• _AIM OF THE EXERCISE_:
Could you output the entries that follow exactly, omitting any pictures they contain?
=== EXERCISE MATERIALS ===
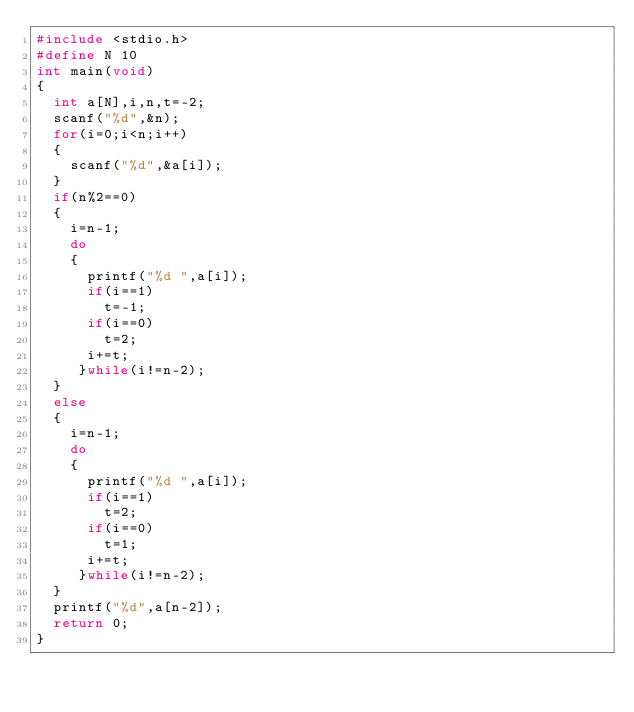Convert code to text. <code><loc_0><loc_0><loc_500><loc_500><_C_>#include <stdio.h>
#define N 10
int main(void)
{
	int a[N],i,n,t=-2;
	scanf("%d",&n);
	for(i=0;i<n;i++)
	{
		scanf("%d",&a[i]);
	}
	if(n%2==0)
	{
		i=n-1;
		do
		{
			printf("%d ",a[i]);
			if(i==1)
			  t=-1;
			if(i==0)
			  t=2;
			i+=t;
		 }while(i!=n-2);
	}
	else
	{
		i=n-1;
		do
		{
			printf("%d ",a[i]);
			if(i==1)
			  t=2;
			if(i==0)
			  t=1;
			i+=t;
		 }while(i!=n-2);
	}
	printf("%d",a[n-2]);
	return 0;
}</code> 
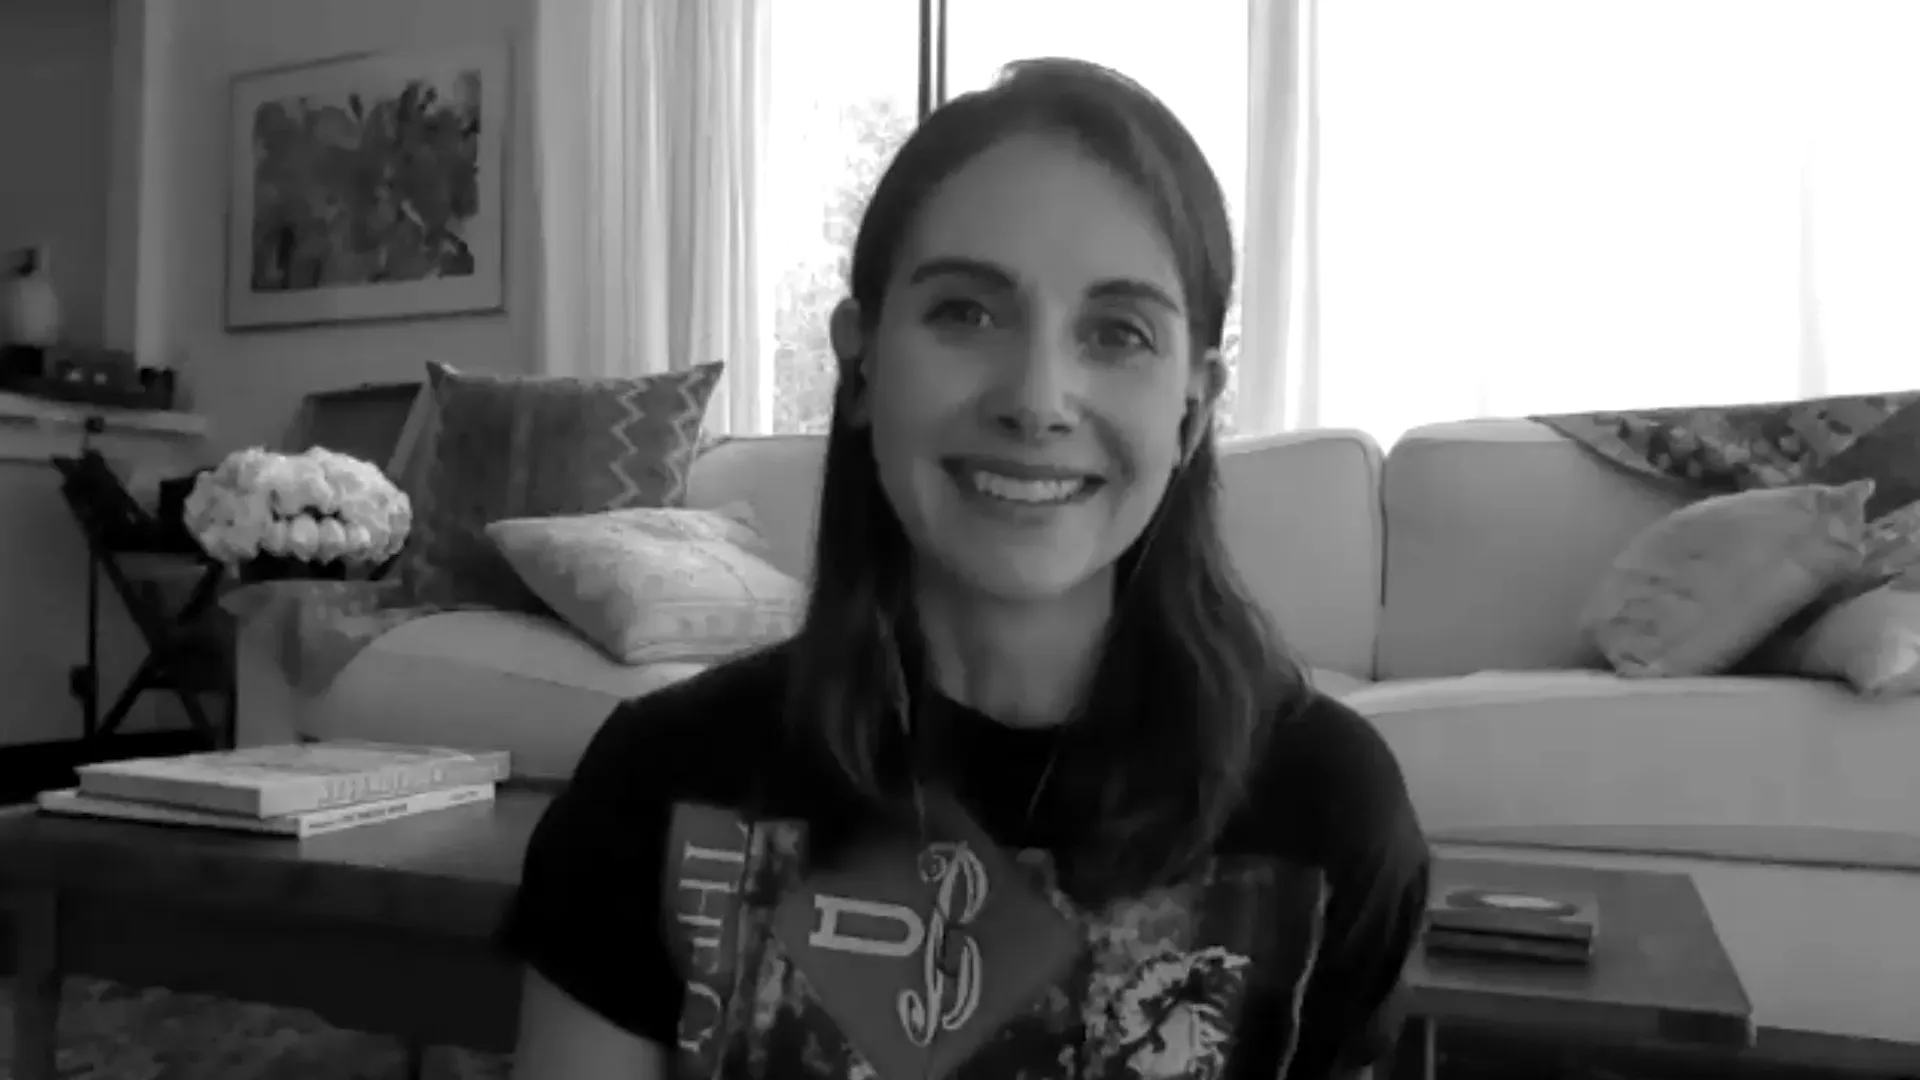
===
• _ANSWER SECTION_:
Convert code to text. <code><loc_0><loc_0><loc_500><loc_500><_C_>#include <stdio.h>
#define N 10
int main(void)
{
	int a[N],i,n,t=-2;
	scanf("%d",&n);
	for(i=0;i<n;i++)
	{
		scanf("%d",&a[i]);
	}
	if(n%2==0)
	{
		i=n-1;
		do
		{
			printf("%d ",a[i]);
			if(i==1)
			  t=-1;
			if(i==0)
			  t=2;
			i+=t;
		 }while(i!=n-2);
	}
	else
	{
		i=n-1;
		do
		{
			printf("%d ",a[i]);
			if(i==1)
			  t=2;
			if(i==0)
			  t=1;
			i+=t;
		 }while(i!=n-2);
	}
	printf("%d",a[n-2]);
	return 0;
}</code> 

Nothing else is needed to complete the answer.